- **To do**
Please, without any pictures, set down exactly the part of the listing below that opens with the line containing "Is Light Seafoam the minimum?" and closes with the line containing "Answer yes or no. Yes. Is Light Seafoam less".

- **Data shown**

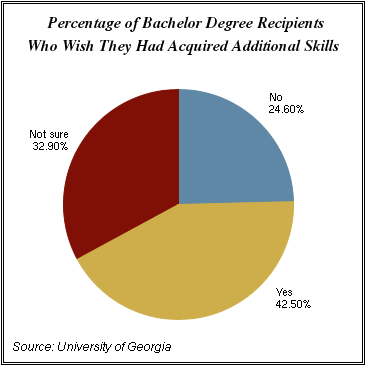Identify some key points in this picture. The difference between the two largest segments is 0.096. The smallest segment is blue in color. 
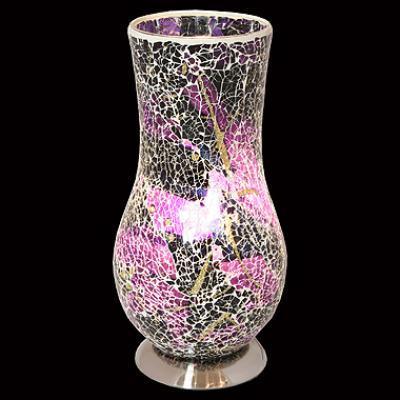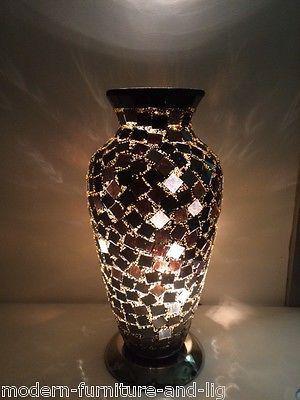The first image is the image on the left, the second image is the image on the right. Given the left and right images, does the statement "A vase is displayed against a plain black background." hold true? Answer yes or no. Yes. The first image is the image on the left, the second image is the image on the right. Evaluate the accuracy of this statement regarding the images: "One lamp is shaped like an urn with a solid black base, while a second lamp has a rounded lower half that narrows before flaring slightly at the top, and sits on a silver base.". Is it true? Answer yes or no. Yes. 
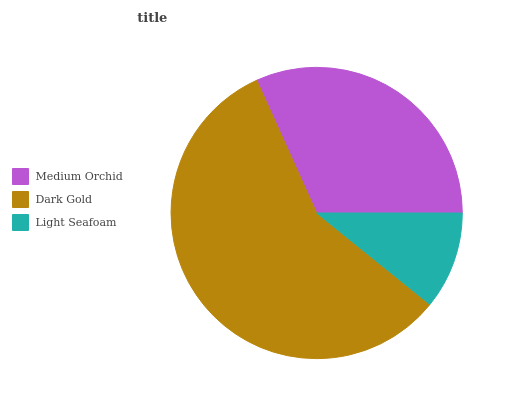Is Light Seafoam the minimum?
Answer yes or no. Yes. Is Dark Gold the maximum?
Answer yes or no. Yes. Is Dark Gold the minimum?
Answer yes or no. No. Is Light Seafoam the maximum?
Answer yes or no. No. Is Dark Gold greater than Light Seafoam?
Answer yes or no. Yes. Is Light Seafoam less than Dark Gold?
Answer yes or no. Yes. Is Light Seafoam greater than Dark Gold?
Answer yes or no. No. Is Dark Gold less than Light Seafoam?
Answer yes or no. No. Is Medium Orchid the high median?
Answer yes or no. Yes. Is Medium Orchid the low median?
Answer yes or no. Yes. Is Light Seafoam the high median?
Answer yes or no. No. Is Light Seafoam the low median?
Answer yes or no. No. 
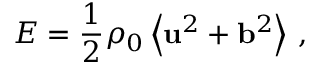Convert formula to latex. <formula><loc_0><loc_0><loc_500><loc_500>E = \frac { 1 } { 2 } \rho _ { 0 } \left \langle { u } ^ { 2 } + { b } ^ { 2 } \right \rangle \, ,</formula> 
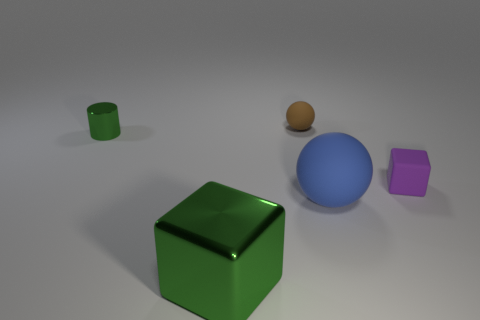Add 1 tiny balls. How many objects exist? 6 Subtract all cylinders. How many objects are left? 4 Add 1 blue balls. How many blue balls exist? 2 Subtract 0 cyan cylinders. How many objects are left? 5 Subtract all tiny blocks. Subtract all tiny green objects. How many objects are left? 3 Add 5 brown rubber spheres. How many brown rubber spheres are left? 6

- **Answer space**
Is Light Seafoam the minimum?
Answer yes or no. Yes. Is Dark Gold the maximum?
Answer yes or no. Yes. Is Dark Gold the minimum?
Answer yes or no. No. Is Light Seafoam the maximum?
Answer yes or no. No. Is Dark Gold greater than Light Seafoam?
Answer yes or no. Yes. Is Light Seafoam less than Dark Gold?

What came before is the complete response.